Thomas Tsai, an assistant professor of health policy at the Harvard Global Health Institute, said his best estimate for when businesses might start reopening would be early summer.
Larger gatherings — such as fans going to Fenway Park or moviegoers taking in a feature at the Coolidge Corner Theater — should take place only if a thorough testing and quarantine regime were in place and effective, he said.
“We know there’s a high chance that there could be another recurrence,” he said. “We need to be very careful about how we proceed, and dial up our responses as they’re needed.”
Restaurants, bars, movie theaters, and concert halls will likely need to reduce their capacities to keep people spaced at least 6 feet apart, said Helen Jenkins, a Boston University biostatistics professor.
But events with large crowds, from music festivals to busy beaches, would likely be unsafe, she said.
“The problem with large gatherings is that they can be super-spreading events where large numbers of people can get infected quite quickly,” Jenkins said.
Federal projections have found that lifting restrictions after a month of social distancing measures would lead to a dramatic spike in infections this summer, and a much higher death toll, according to a New York Times report.
The risk of a second wave means any relaxation of restrictions should come in stages, starting small and expanding over months, depending on whether infections rise, said Andrew Noymer, a population health professor at the University of California Irvine.
“You’re trading off lives against businesses,” Noymer said. “There’s no magic formula where we can do this with no collateral damage.

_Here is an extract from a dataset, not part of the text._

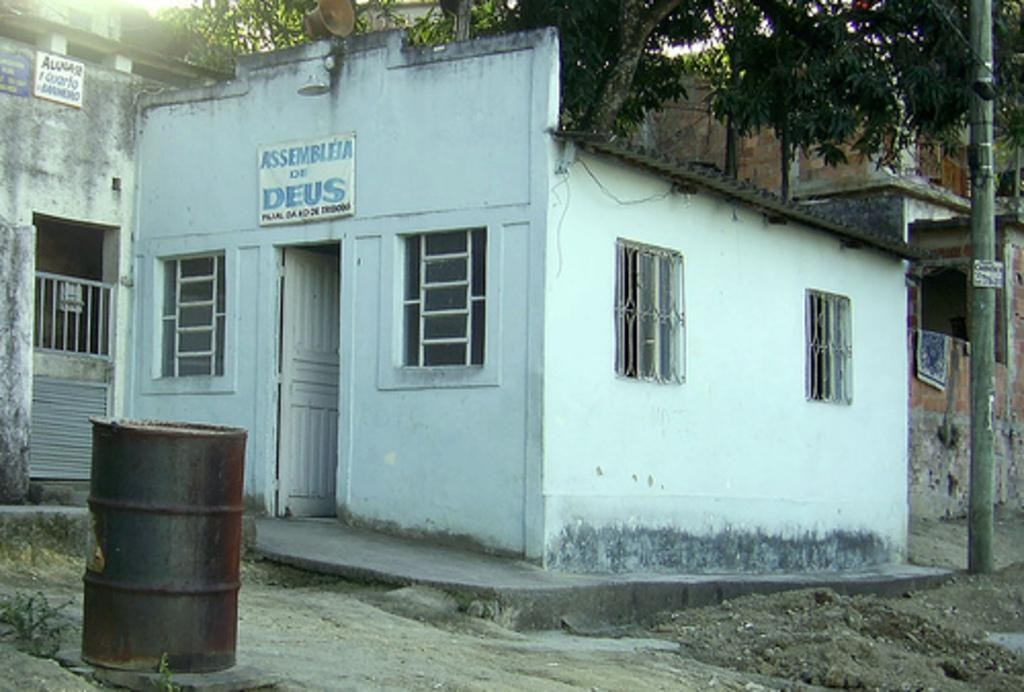<image>
Write a terse but informative summary of the picture. The Assembleia de Deus is small white building.

It’s just impossible.”
Others were more sanguine about a relatively normal future in the coming months.
Under the right conditions — with new infections near zero and testing widespread — restaurants could conceivably reopen, but patrons would likely be required to wash their hands before entering, said David Hamer, an infectious disease specialist at Boston Medical Center.
The state could also begin encouraging more people to use public transportation, if everyone wears masks and surfaces are cleaned frequently, he said.
For Mina, the hope is that the virus has already infected tens of millions of Americans, without most of them knowing it.
“If that’s the case, the risks of becoming ill are very low,” he said. “That would mean I would feel a lot more comfortable taking my family to a restaurant.”